Os jardins do Palácio de Cristal são, por si só, um marco na cidade do Porto, e ostentam este nome apesar do “palácio” já não existir. Muitos ainda pensam que o icónico edifício, que se pode ver de vários pontos da “Invicta” e do outro lado do Rio Douro, com a sua cúpula vidrada, é o Palácio de Cristal. Mas tal não é verdade! O Palácio de Cristal existiu sim, tendo sido inaugurado em 1865. Projectado pelo arquitecto Thomas Dillen Jones, foi construído em pedra, ferro e vidro, inspirado no original Crystal Palace de Londres. Tinha mais de setenta metros de largura e mais de 150 metros de comprimento, dividido por três naves. O imponente edifício acabaria por ser demolido em 1951, para dar lugar à actual estrutura que se encontra no mesmo local – no início foi-lhe atribuída o nome de Pavilhão dos Desportos, sendo rebaptizada em 1991 como Pavilhão Rosa Mota, em homenagem a uma das mais ilustres atletas portuenses, também bem conhecida em Macau.

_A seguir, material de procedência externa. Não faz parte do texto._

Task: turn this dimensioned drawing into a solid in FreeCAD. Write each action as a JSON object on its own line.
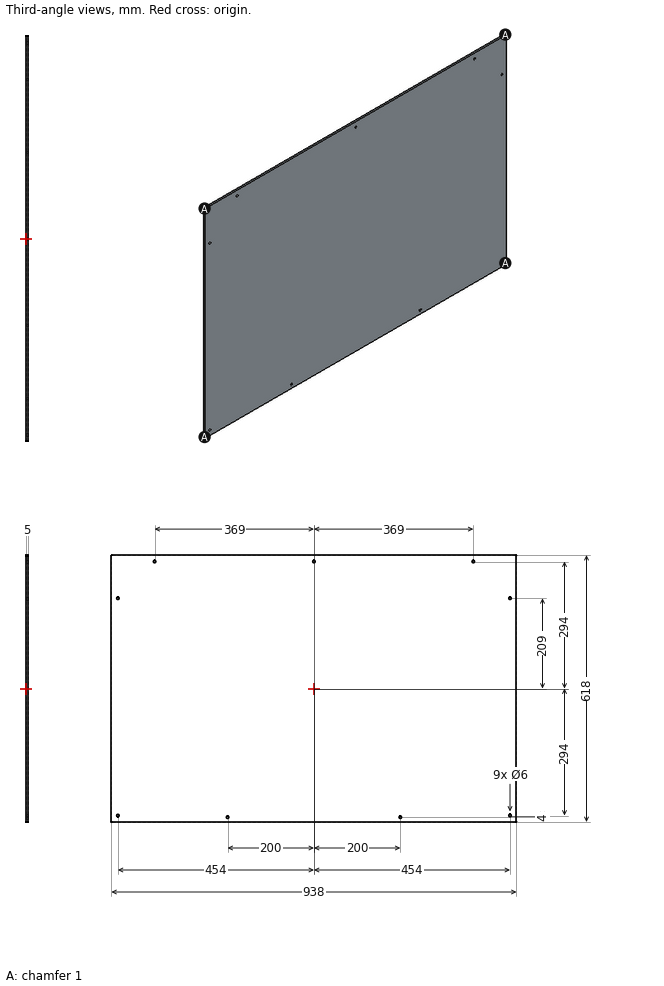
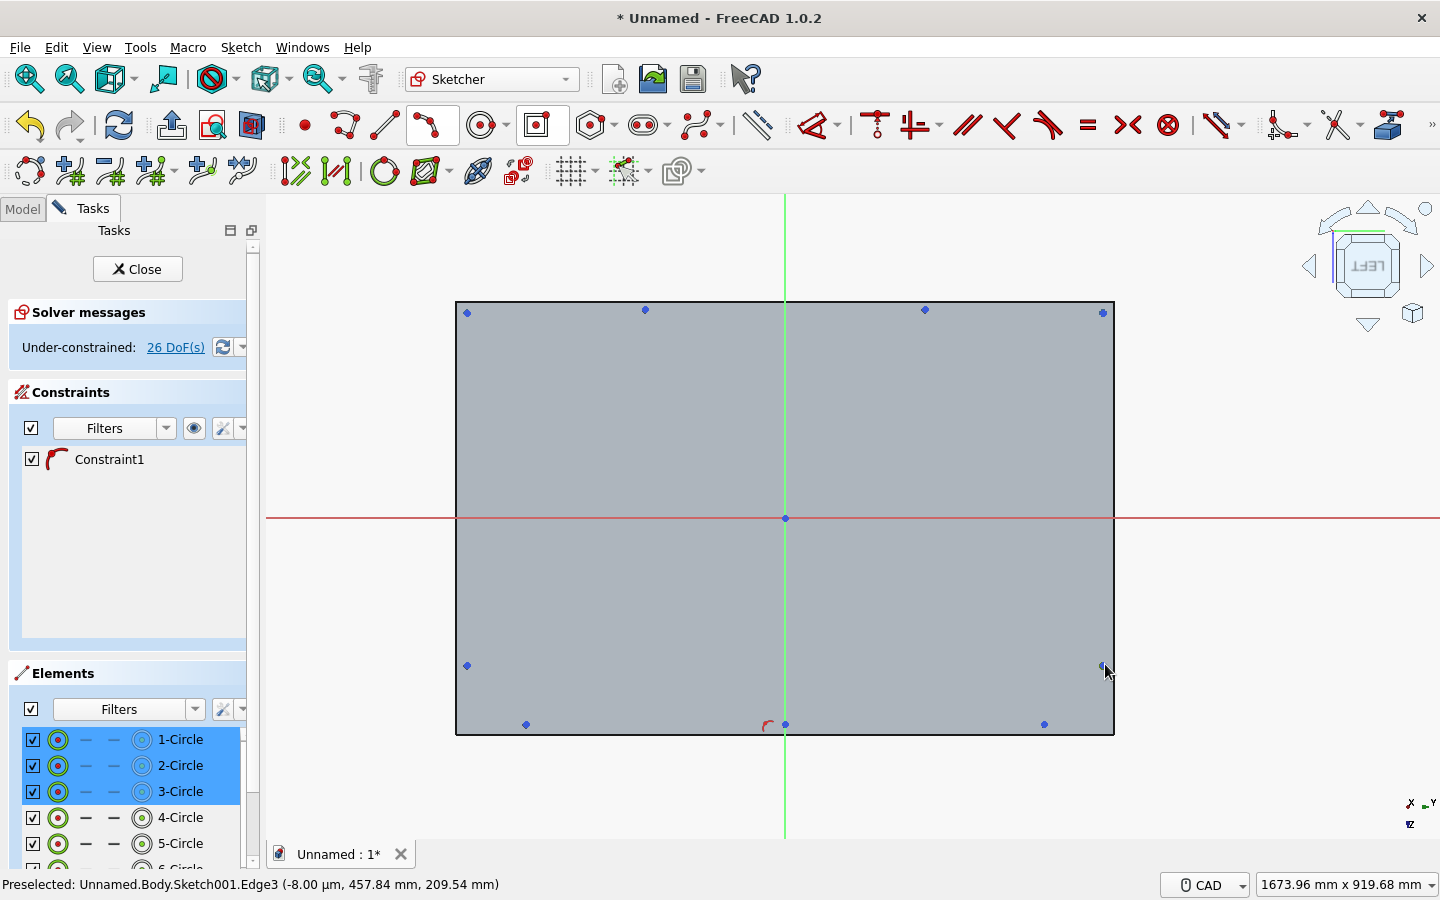
{"action": "scroll", "coordinate": [1046, 723], "scroll_direction": "up", "scroll_amount": 9}

A inauguração do antigo Palácio de Cristal foi presidida pelo rei D. Luís, na companhia da rainha e do príncipe herdeiro a 18 de Setembro de 1865, quatro anos após a sua construção. Foi projectado com o objectivo de receber a Exposição Industrial, onde participaram empresas de França, Alemanha, Reino Unido, Bélgica, Brasil, Espanha, Dinamarca, Rússia, Holanda, Turquia, Estados Unidos e Japão.
Em 1933, depois de vários anos de abandono e pouco zelo, a Câmara Municipal do Porto adquiriu os jardins e o edifício. Durante mais de oito décadas de existência o Palácio de Cristal foi um marco incontornável da cultura do Porto. Foi lá que o compositor Viana da Mota ou a violoncelista Guilhermina Suggia revelaram os seus dons musicais, por exemplo.

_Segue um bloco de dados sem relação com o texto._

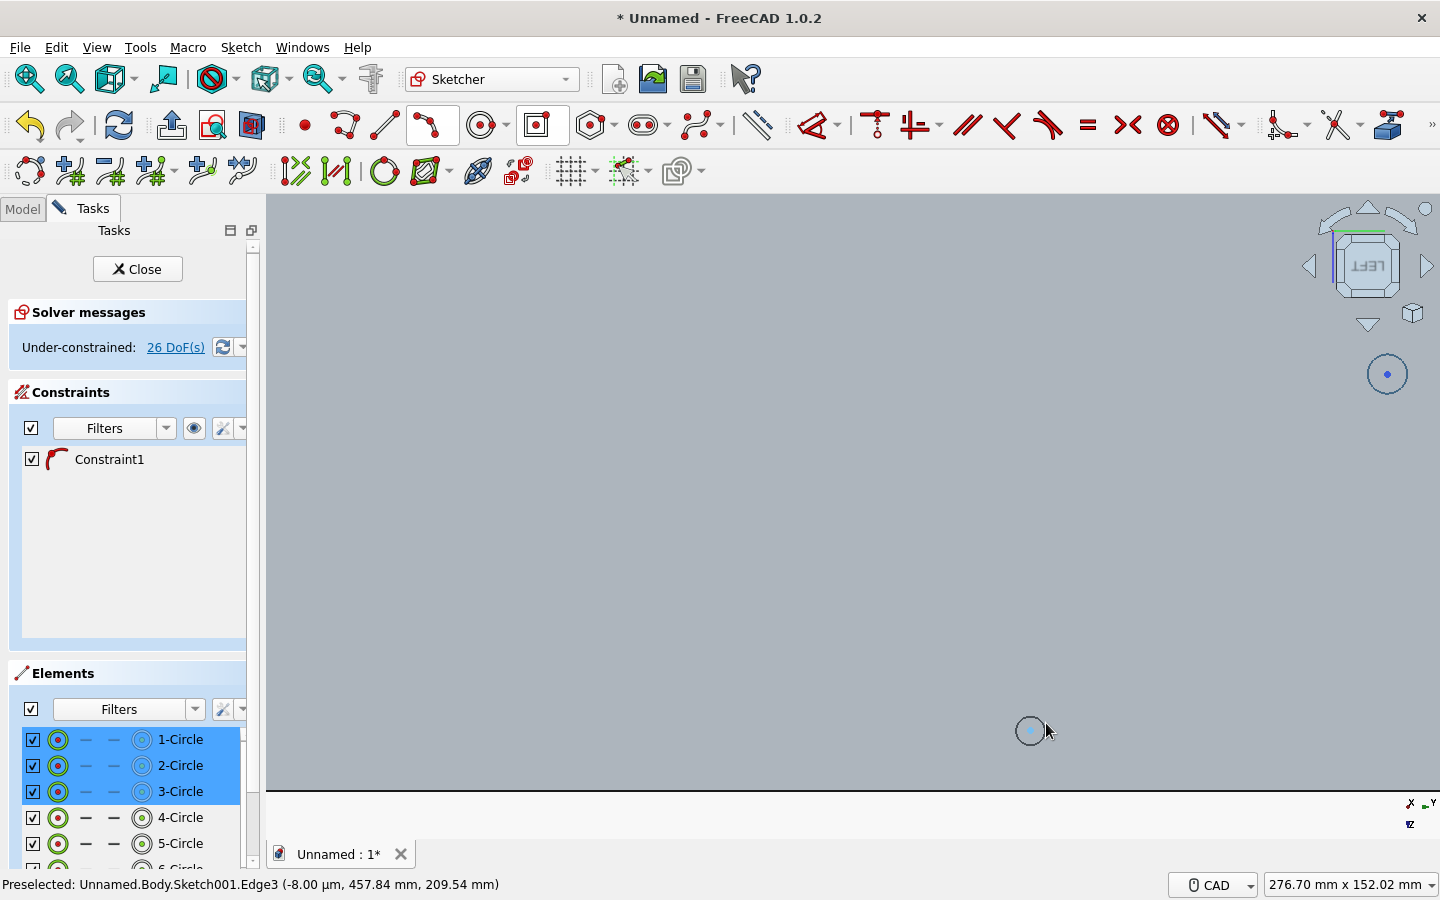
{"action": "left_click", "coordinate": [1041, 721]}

O actual Pavilhão Rosa Mota ainda não alcançou as oito décadas de existência do seu antecessor, mas conta já com uma extensa lista de eventos.
Idealizado pelo arquitecto José Carlos Loureiro e pelo engenheiro António dos Santos Soares, e erguido em 1951, o Pavilhão dos Desportos foi projecto para receber o Campeonato Mundial de Hóquei em Patins, onde Portugal se sagrou campeão.
Um facto curioso que ajuda a explicar o porquê do Pavilhão Rosa Mota continuar a ser conhecido por Palácio de Cristal é a contestação social que teve lugar aquando da demolição do antigo edifício.
Só para os leitores terem uma ideia, durante os trabalhos de demolição, que se prolongaram por um ano, o antigo órgão de tubos (um dos maiores do mundo à época) foi destruído à martelada pelos trabalhadores que ignoravam o valor do instrumento musical. Pessoalmente pudemos comprovar que é muito mais eficaz perguntar onde fica o Palácio de Cristal a um residente do Porto do que o Pavilhão Rosa Mota…
Actualmente algumas áreas dos jardins estão em obras, o que limita drasticamente o número de zonas a visitar. Também o Pavilhão Rosa Mota deverá apresentar-se de cara lavada este ano e com uma adenda ao nome, pelo menos nos próximos vinte anos: Pavilhão Rosa Mota – “Super Bock Arena”.